Sunday, September 18, 2011
The gemara uses shofar as a pircha to the kal v'chomer of rav yossi. The logic is that shofar is an example of something which doesnt push off shabbos even if it is a definite obligation, yet the safeik mitzvah such as a tumtum who is a safeik woman, can blow on yom tov. The point of the gemara is to show that yom tov is less severe than shabbos. However, the gemara never clarifies what actual prohibition we are speakingmes to shofar on yom tov. Tosafos offers 2 suggestions: 1. The prohibition being discussed is the issur of carrying. Since women aren't obligated in shofar it should be prohibited to carry for them. Yet, a tumtum who may be a man and may be fully obligated, can carry a shofar. 2. The issue being discussed is merely an ussur d'rabonon of carrying on yom tov. According to the first approach, the shares aryeh 106 proves that a shofar cannot be carried to the public domain on yt for the sake of a woman. This is also the.implication of tosafos at the end of the sugya who implies that similar to semicha, only an issur d'rabonon can be done, not carrying which is doraysa. Rav Moshe (oc 3:94) has a very long and complicated teshuva arguing on the shaagas aryeh and proving that a shofar or lulav can even be carried on yt where there is no eiruv to enable a woman to do the mitzvah.
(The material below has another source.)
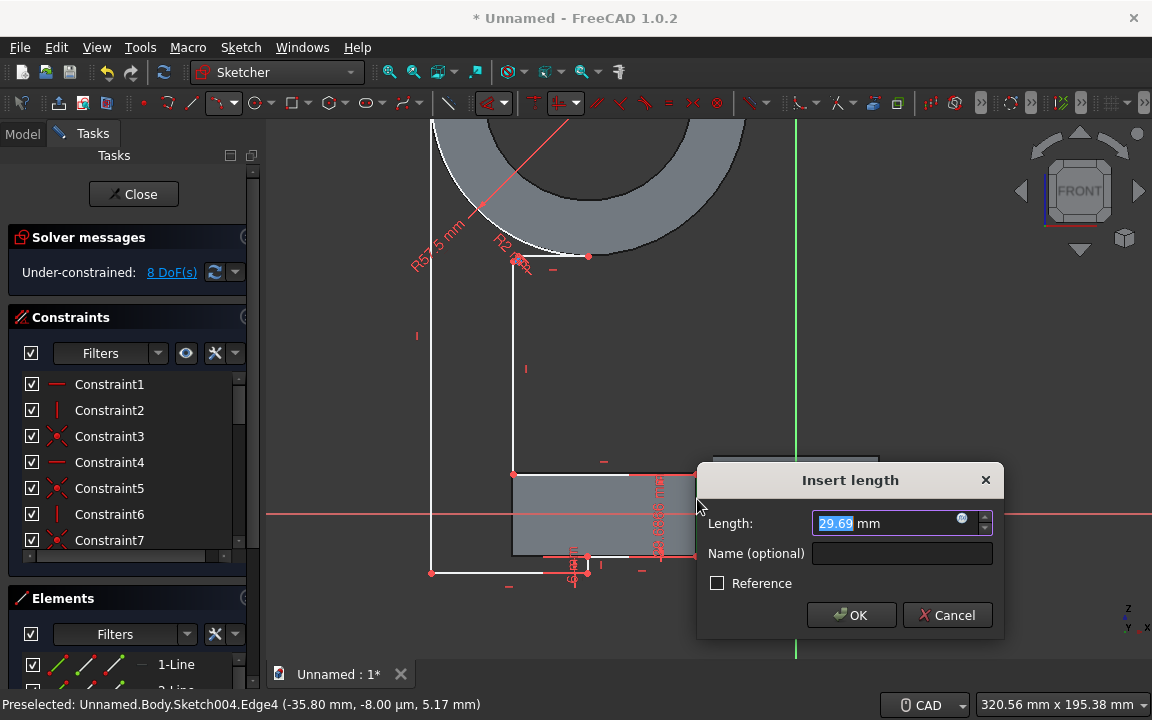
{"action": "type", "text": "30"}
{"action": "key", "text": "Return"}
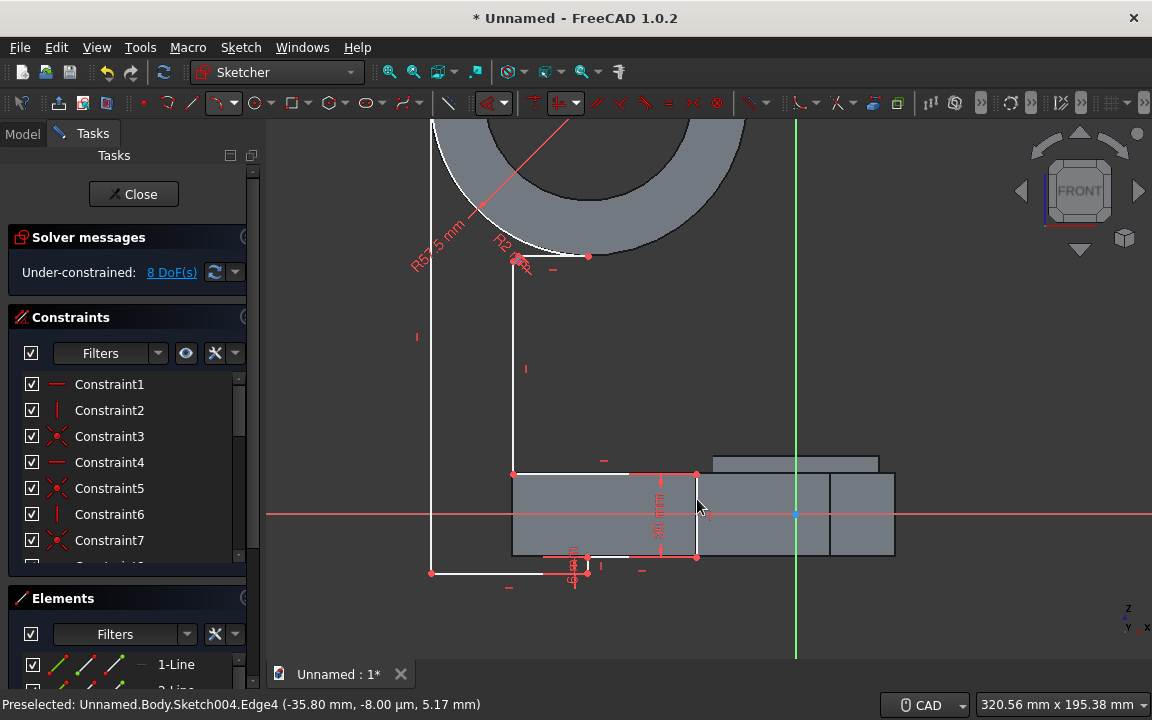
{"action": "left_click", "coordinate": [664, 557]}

Wednesday, September 14, 2011
R. Akiva Eiger writes in a Teshuva (3) that the issue of whether by something that actually has kedusha i.e. the klaf of a sefer Torah, we say that setting aside is significant and makes it assur even before it is used, is dependent on a machlokes in our gemara. According to Rav Yanai who says that sending down the eglah arufa to nachal eisan makes it assur, the same would be true with anything that is inherently an item of kedusha - הזמנה מילתא היא. But, according to those who say that it would only be assur by the shechita, they would have to hold that even by something which is an actual גוף הקדושה (not just תשמישי קדושה), the הזמנה would not be significant enough to create an issur.
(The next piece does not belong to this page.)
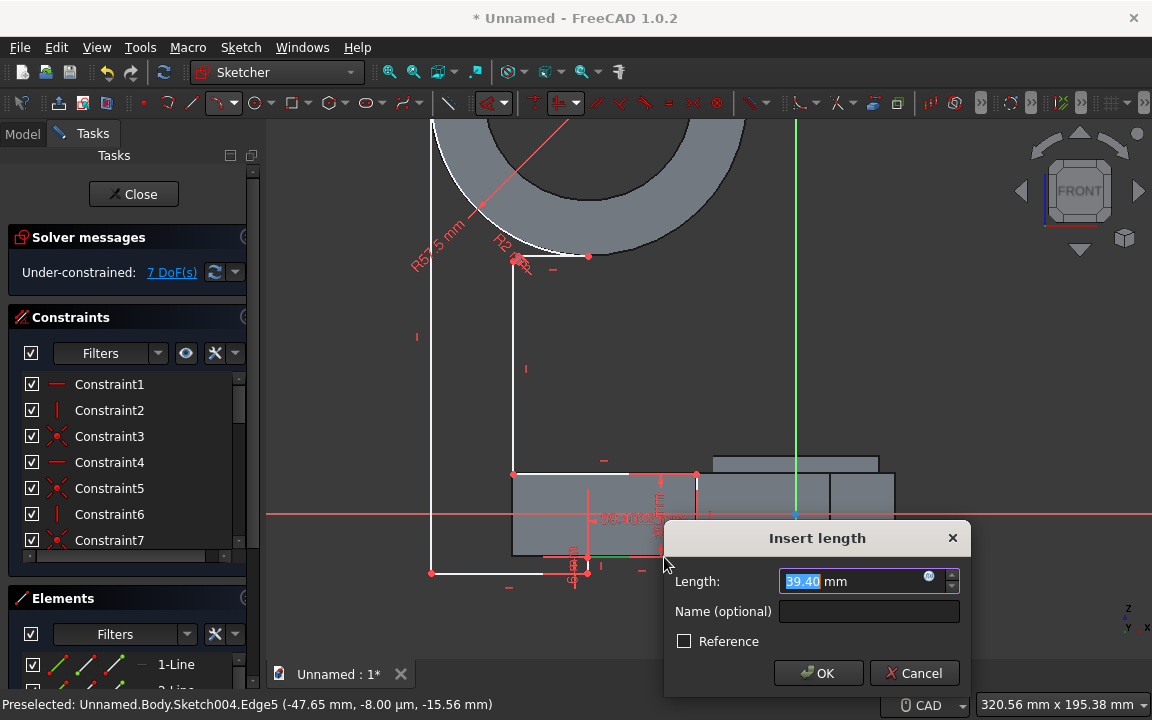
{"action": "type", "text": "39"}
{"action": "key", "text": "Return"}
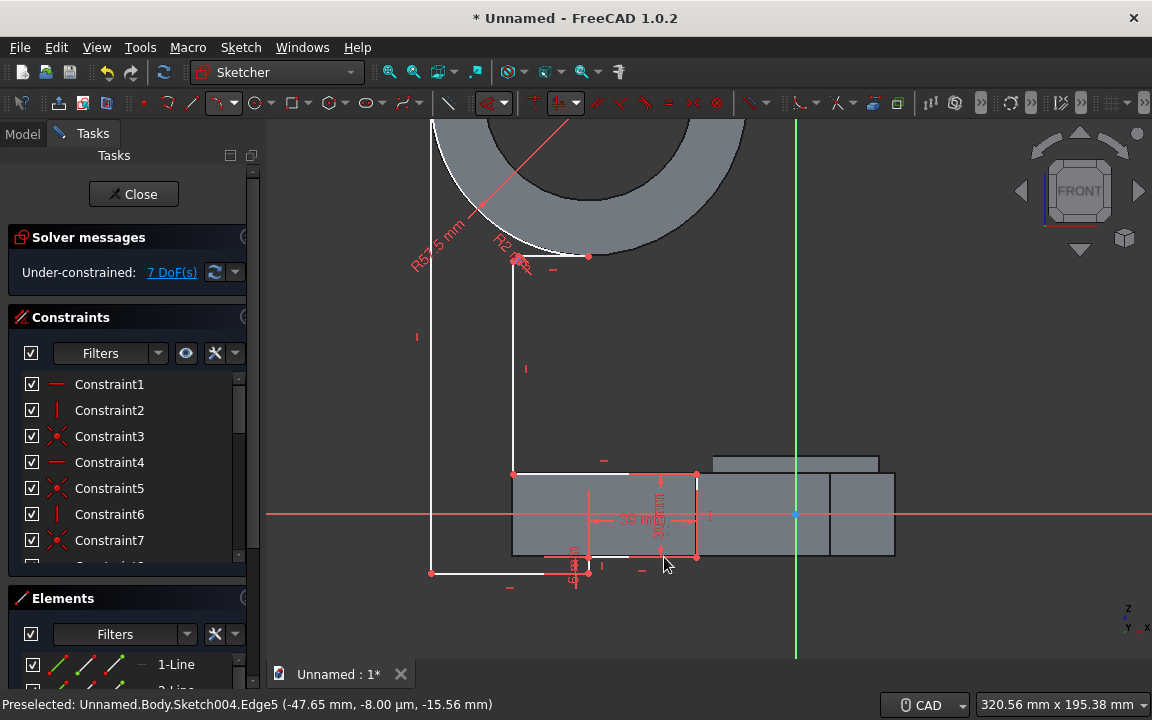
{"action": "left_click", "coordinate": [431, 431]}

The gemara says that according to the opinion who says that by eglah arufa the sending it down to nachal eisan makes it assur, by the birds of the metzorah the purchasing of the birds for the use of the metzorah would make it assur. Rashi explains how we can compare the purchasing of the birds to the sending of the calf to nachal eisan, we should compare the purchasing of the birds or initial taking for metzorah purposes with the purchasing or initial taking of the calf. Rashi explains that by egla arufa where there is a later act prior to shechita to be considered the designation of it and create the issur, we assume that act is what creates the issur. But by the birds where there is no later act, the purchasing or taking is considered the act that creates the issur. The difficulty with this in light of R. Akiva Eiger is that if we are really dealing with an issur of הזמנה מילתא היא, we should consider the very first act of designation to be hazmana, not the very last act before shechita such as the sending down to nachal eisan.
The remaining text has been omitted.